**Problem details:**
Transcribe each line of the material as it is, and drop any picture.

**Source data:**

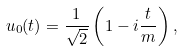Convert formula to latex. <formula><loc_0><loc_0><loc_500><loc_500>u _ { 0 } ( t ) = \frac { 1 } { \sqrt { 2 } } \left ( 1 - i \frac { t } { m } \right ) ,</formula> 
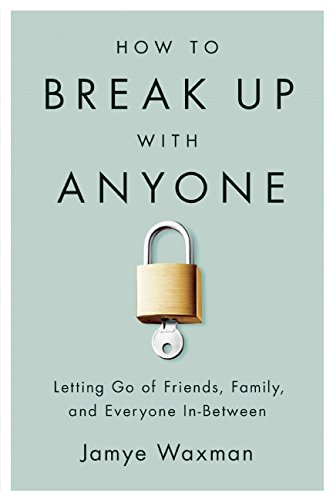Who wrote this book? The book 'How to Break Up With Anyone: Letting Go of Friends, Family, and Everyone In-Between' is penned by Jamye Waxman. 
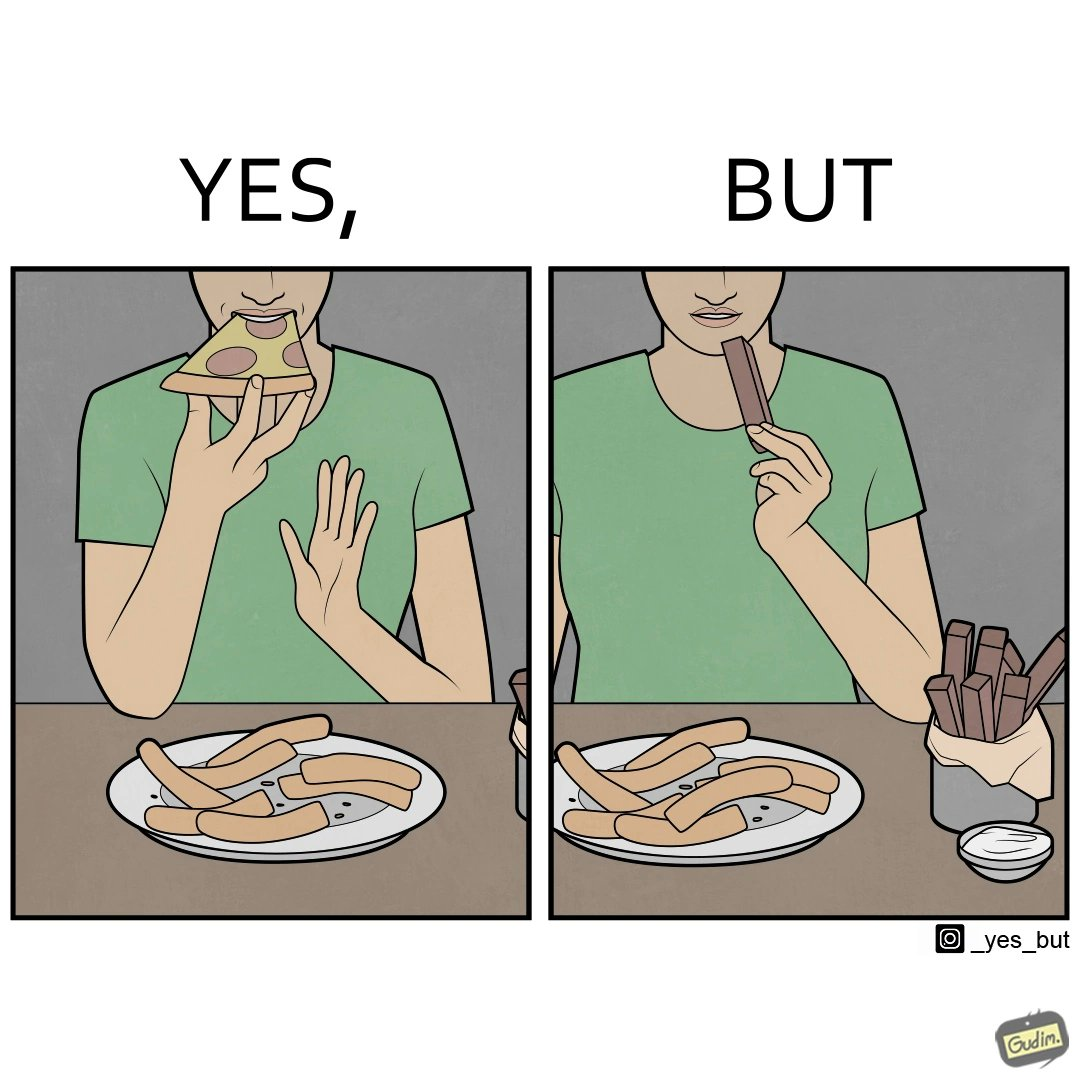Does this image contain satire or humor? Yes, this image is satirical. 
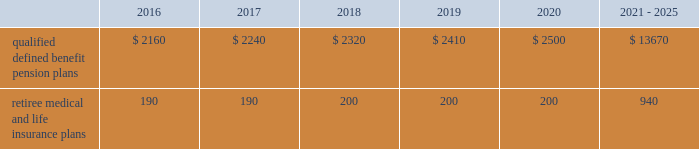Contributions and expected benefit payments the funding of our qualified defined benefit pension plans is determined in accordance with erisa , as amended by the ppa , and in a manner consistent with cas and internal revenue code rules .
In 2015 , we made $ 5 million in contributions to our new sikorsky bargained qualified defined benefit pension plan and we plan to make approximately $ 25 million in contributions to this plan in 2016 .
The table presents estimated future benefit payments , which reflect expected future employee service , as of december 31 , 2015 ( in millions ) : .
Defined contribution plans we maintain a number of defined contribution plans , most with 401 ( k ) features , that cover substantially all of our employees .
Under the provisions of our 401 ( k ) plans , we match most employees 2019 eligible contributions at rates specified in the plan documents .
Our contributions were $ 393 million in 2015 , $ 385 million in 2014 and $ 383 million in 2013 , the majority of which were funded in our common stock .
Our defined contribution plans held approximately 40.0 million and 41.7 million shares of our common stock as of december 31 , 2015 and 2014 .
Note 12 2013 stockholders 2019 equity at december 31 , 2015 and 2014 , our authorized capital was composed of 1.5 billion shares of common stock and 50 million shares of series preferred stock .
Of the 305 million shares of common stock issued and outstanding as of december 31 , 2015 , 303 million shares were considered outstanding for balance sheet presentation purposes ; the remaining shares were held in a separate trust .
Of the 316 million shares of common stock issued and outstanding as of december 31 , 2014 , 314 million shares were considered outstanding for balance sheet presentation purposes ; the remaining shares were held in a separate trust .
No shares of preferred stock were issued and outstanding at december 31 , 2015 or 2014 .
Repurchases of common stock during 2015 , we repurchased 15.2 million shares of our common stock for $ 3.1 billion .
During 2014 and 2013 , we paid $ 1.9 billion and $ 1.8 billion to repurchase 11.5 million and 16.2 million shares of our common stock .
On september 24 , 2015 , our board of directors approved a $ 3.0 billion increase to our share repurchase program .
Inclusive of this increase , the total remaining authorization for future common share repurchases under our program was $ 3.6 billion as of december 31 , 2015 .
As we repurchase our common shares , we reduce common stock for the $ 1 of par value of the shares repurchased , with the excess purchase price over par value recorded as a reduction of additional paid-in capital .
Due to the volume of repurchases made under our share repurchase program , additional paid-in capital was reduced to zero , with the remainder of the excess purchase price over par value of $ 2.4 billion and $ 1.1 billion recorded as a reduction of retained earnings in 2015 and 2014 .
We paid dividends totaling $ 1.9 billion ( $ 6.15 per share ) in 2015 , $ 1.8 billion ( $ 5.49 per share ) in 2014 and $ 1.5 billion ( $ 4.78 per share ) in 2013 .
We have increased our quarterly dividend rate in each of the last three years , including a 10% ( 10 % ) increase in the quarterly dividend rate in the fourth quarter of 2015 .
We declared quarterly dividends of $ 1.50 per share during each of the first three quarters of 2015 and $ 1.65 per share during the fourth quarter of 2015 ; $ 1.33 per share during each of the first three quarters of 2014 and $ 1.50 per share during the fourth quarter of 2014 ; and $ 1.15 per share during each of the first three quarters of 2013 and $ 1.33 per share during the fourth quarter of 2013. .
What is the change in millions of qualified defined benefit pension plans expected to be paid out between 2017 to 2018? 
Computations: (2320 - 2240)
Answer: 80.0. 
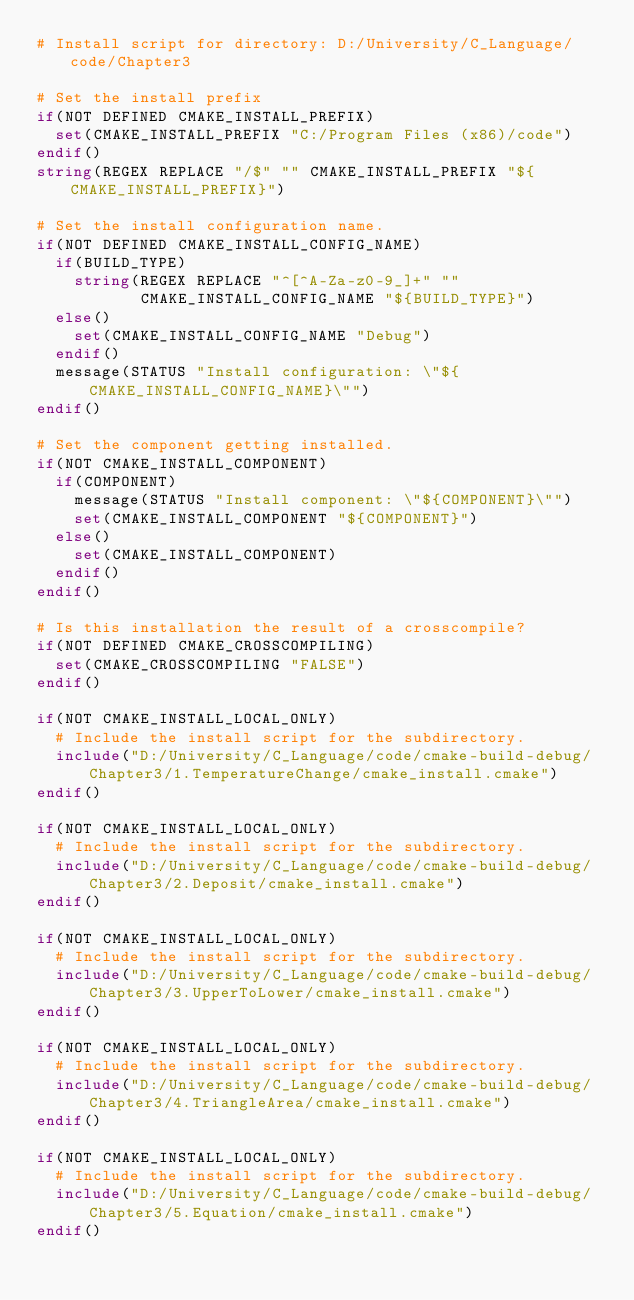<code> <loc_0><loc_0><loc_500><loc_500><_CMake_># Install script for directory: D:/University/C_Language/code/Chapter3

# Set the install prefix
if(NOT DEFINED CMAKE_INSTALL_PREFIX)
  set(CMAKE_INSTALL_PREFIX "C:/Program Files (x86)/code")
endif()
string(REGEX REPLACE "/$" "" CMAKE_INSTALL_PREFIX "${CMAKE_INSTALL_PREFIX}")

# Set the install configuration name.
if(NOT DEFINED CMAKE_INSTALL_CONFIG_NAME)
  if(BUILD_TYPE)
    string(REGEX REPLACE "^[^A-Za-z0-9_]+" ""
           CMAKE_INSTALL_CONFIG_NAME "${BUILD_TYPE}")
  else()
    set(CMAKE_INSTALL_CONFIG_NAME "Debug")
  endif()
  message(STATUS "Install configuration: \"${CMAKE_INSTALL_CONFIG_NAME}\"")
endif()

# Set the component getting installed.
if(NOT CMAKE_INSTALL_COMPONENT)
  if(COMPONENT)
    message(STATUS "Install component: \"${COMPONENT}\"")
    set(CMAKE_INSTALL_COMPONENT "${COMPONENT}")
  else()
    set(CMAKE_INSTALL_COMPONENT)
  endif()
endif()

# Is this installation the result of a crosscompile?
if(NOT DEFINED CMAKE_CROSSCOMPILING)
  set(CMAKE_CROSSCOMPILING "FALSE")
endif()

if(NOT CMAKE_INSTALL_LOCAL_ONLY)
  # Include the install script for the subdirectory.
  include("D:/University/C_Language/code/cmake-build-debug/Chapter3/1.TemperatureChange/cmake_install.cmake")
endif()

if(NOT CMAKE_INSTALL_LOCAL_ONLY)
  # Include the install script for the subdirectory.
  include("D:/University/C_Language/code/cmake-build-debug/Chapter3/2.Deposit/cmake_install.cmake")
endif()

if(NOT CMAKE_INSTALL_LOCAL_ONLY)
  # Include the install script for the subdirectory.
  include("D:/University/C_Language/code/cmake-build-debug/Chapter3/3.UpperToLower/cmake_install.cmake")
endif()

if(NOT CMAKE_INSTALL_LOCAL_ONLY)
  # Include the install script for the subdirectory.
  include("D:/University/C_Language/code/cmake-build-debug/Chapter3/4.TriangleArea/cmake_install.cmake")
endif()

if(NOT CMAKE_INSTALL_LOCAL_ONLY)
  # Include the install script for the subdirectory.
  include("D:/University/C_Language/code/cmake-build-debug/Chapter3/5.Equation/cmake_install.cmake")
endif()

</code> 
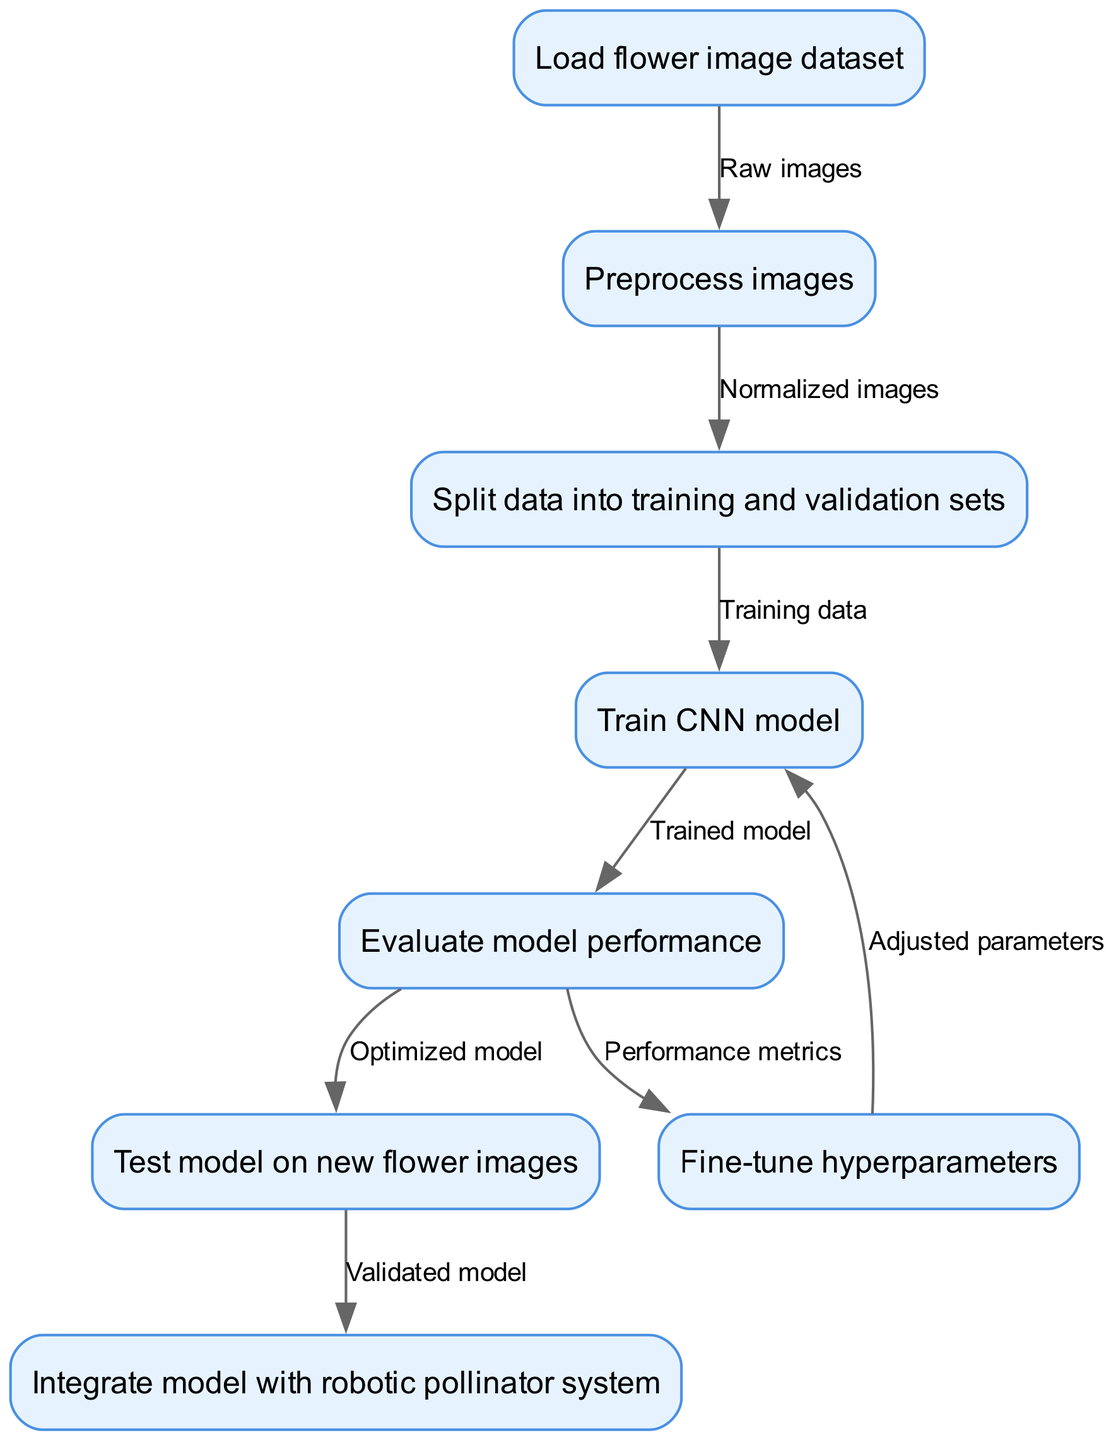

**Written answer:**
Convert formula to latex. <formula><loc_0><loc_0><loc_500><loc_500>u _ { 0 } ( t ) = \frac { 1 } { \sqrt { 2 } } \left ( 1 - i \frac { t } { m } \right ) ,</formula> 
Who wrote this book? The book 'How to Break Up With Anyone: Letting Go of Friends, Family, and Everyone In-Between' is penned by Jamye Waxman. 
Does this image contain satire or humor? Yes, this image is satirical. 
Contributions and expected benefit payments the funding of our qualified defined benefit pension plans is determined in accordance with erisa , as amended by the ppa , and in a manner consistent with cas and internal revenue code rules .
In 2015 , we made $ 5 million in contributions to our new sikorsky bargained qualified defined benefit pension plan and we plan to make approximately $ 25 million in contributions to this plan in 2016 .
The table presents estimated future benefit payments , which reflect expected future employee service , as of december 31 , 2015 ( in millions ) : .
Defined contribution plans we maintain a number of defined contribution plans , most with 401 ( k ) features , that cover substantially all of our employees .
Under the provisions of our 401 ( k ) plans , we match most employees 2019 eligible contributions at rates specified in the plan documents .
Our contributions were $ 393 million in 2015 , $ 385 million in 2014 and $ 383 million in 2013 , the majority of which were funded in our common stock .
Our defined contribution plans held approximately 40.0 million and 41.7 million shares of our common stock as of december 31 , 2015 and 2014 .
Note 12 2013 stockholders 2019 equity at december 31 , 2015 and 2014 , our authorized capital was composed of 1.5 billion shares of common stock and 50 million shares of series preferred stock .
Of the 305 million shares of common stock issued and outstanding as of december 31 , 2015 , 303 million shares were considered outstanding for balance sheet presentation purposes ; the remaining shares were held in a separate trust .
Of the 316 million shares of common stock issued and outstanding as of december 31 , 2014 , 314 million shares were considered outstanding for balance sheet presentation purposes ; the remaining shares were held in a separate trust .
No shares of preferred stock were issued and outstanding at december 31 , 2015 or 2014 .
Repurchases of common stock during 2015 , we repurchased 15.2 million shares of our common stock for $ 3.1 billion .
During 2014 and 2013 , we paid $ 1.9 billion and $ 1.8 billion to repurchase 11.5 million and 16.2 million shares of our common stock .
On september 24 , 2015 , our board of directors approved a $ 3.0 billion increase to our share repurchase program .
Inclusive of this increase , the total remaining authorization for future common share repurchases under our program was $ 3.6 billion as of december 31 , 2015 .
As we repurchase our common shares , we reduce common stock for the $ 1 of par value of the shares repurchased , with the excess purchase price over par value recorded as a reduction of additional paid-in capital .
Due to the volume of repurchases made under our share repurchase program , additional paid-in capital was reduced to zero , with the remainder of the excess purchase price over par value of $ 2.4 billion and $ 1.1 billion recorded as a reduction of retained earnings in 2015 and 2014 .
We paid dividends totaling $ 1.9 billion ( $ 6.15 per share ) in 2015 , $ 1.8 billion ( $ 5.49 per share ) in 2014 and $ 1.5 billion ( $ 4.78 per share ) in 2013 .
We have increased our quarterly dividend rate in each of the last three years , including a 10% ( 10 % ) increase in the quarterly dividend rate in the fourth quarter of 2015 .
We declared quarterly dividends of $ 1.50 per share during each of the first three quarters of 2015 and $ 1.65 per share during the fourth quarter of 2015 ; $ 1.33 per share during each of the first three quarters of 2014 and $ 1.50 per share during the fourth quarter of 2014 ; and $ 1.15 per share during each of the first three quarters of 2013 and $ 1.33 per share during the fourth quarter of 2013. .
What is the change in millions of qualified defined benefit pension plans expected to be paid out between 2017 to 2018? 
Computations: (2320 - 2240)
Answer: 80.0. 
<code> <loc_0><loc_0><loc_500><loc_500><_CMake_># Install script for directory: D:/University/C_Language/code/Chapter3

# Set the install prefix
if(NOT DEFINED CMAKE_INSTALL_PREFIX)
  set(CMAKE_INSTALL_PREFIX "C:/Program Files (x86)/code")
endif()
string(REGEX REPLACE "/$" "" CMAKE_INSTALL_PREFIX "${CMAKE_INSTALL_PREFIX}")

# Set the install configuration name.
if(NOT DEFINED CMAKE_INSTALL_CONFIG_NAME)
  if(BUILD_TYPE)
    string(REGEX REPLACE "^[^A-Za-z0-9_]+" ""
           CMAKE_INSTALL_CONFIG_NAME "${BUILD_TYPE}")
  else()
    set(CMAKE_INSTALL_CONFIG_NAME "Debug")
  endif()
  message(STATUS "Install configuration: \"${CMAKE_INSTALL_CONFIG_NAME}\"")
endif()

# Set the component getting installed.
if(NOT CMAKE_INSTALL_COMPONENT)
  if(COMPONENT)
    message(STATUS "Install component: \"${COMPONENT}\"")
    set(CMAKE_INSTALL_COMPONENT "${COMPONENT}")
  else()
    set(CMAKE_INSTALL_COMPONENT)
  endif()
endif()

# Is this installation the result of a crosscompile?
if(NOT DEFINED CMAKE_CROSSCOMPILING)
  set(CMAKE_CROSSCOMPILING "FALSE")
endif()

if(NOT CMAKE_INSTALL_LOCAL_ONLY)
  # Include the install script for the subdirectory.
  include("D:/University/C_Language/code/cmake-build-debug/Chapter3/1.TemperatureChange/cmake_install.cmake")
endif()

if(NOT CMAKE_INSTALL_LOCAL_ONLY)
  # Include the install script for the subdirectory.
  include("D:/University/C_Language/code/cmake-build-debug/Chapter3/2.Deposit/cmake_install.cmake")
endif()

if(NOT CMAKE_INSTALL_LOCAL_ONLY)
  # Include the install script for the subdirectory.
  include("D:/University/C_Language/code/cmake-build-debug/Chapter3/3.UpperToLower/cmake_install.cmake")
endif()

if(NOT CMAKE_INSTALL_LOCAL_ONLY)
  # Include the install script for the subdirectory.
  include("D:/University/C_Language/code/cmake-build-debug/Chapter3/4.TriangleArea/cmake_install.cmake")
endif()

if(NOT CMAKE_INSTALL_LOCAL_ONLY)
  # Include the install script for the subdirectory.
  include("D:/University/C_Language/code/cmake-build-debug/Chapter3/5.Equation/cmake_install.cmake")
endif()

</code> 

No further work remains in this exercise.